Excerpts from a dataset:

%%

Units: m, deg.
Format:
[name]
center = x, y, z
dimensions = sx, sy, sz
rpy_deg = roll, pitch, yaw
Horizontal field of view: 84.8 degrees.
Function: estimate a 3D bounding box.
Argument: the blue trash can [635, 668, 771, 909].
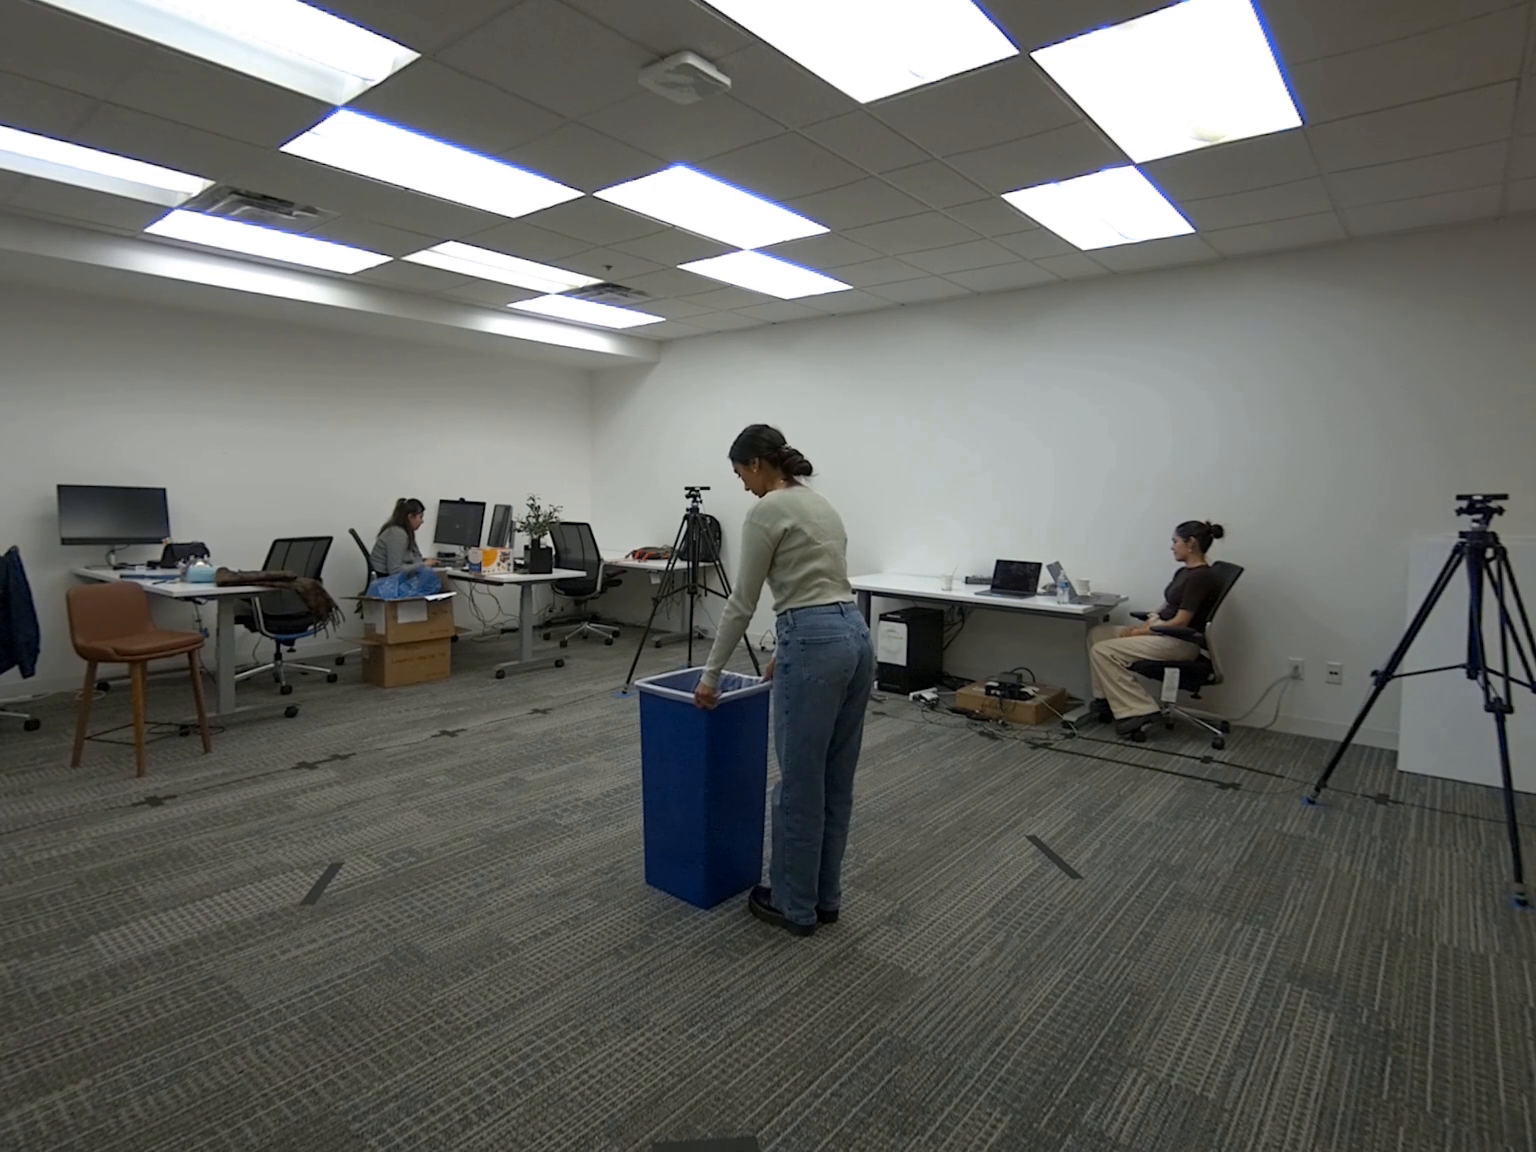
[blue trash can]
center = -0.234, 0.719, 2.977
dimensions = 0.391, 0.712, 0.363
rpy_deg = 4, 4, 41

%%

Your instructions —
Pictures stay out; the records above are otherwise reproduced exactly.

Answer for the task —
Units: m, deg.
Format:
[name]
center = x, y, z
dimensions = sx, sy, sz
rpy_deg = roll, pitch, yaw
Horizontal field of view: 84.8 degrees.
Function: estimate a 3D bounding box.
Argument: the blue trash can [635, 668, 771, 909].
[blue trash can]
center = -0.234, 0.719, 2.977
dimensions = 0.391, 0.712, 0.363
rpy_deg = 4, 4, 41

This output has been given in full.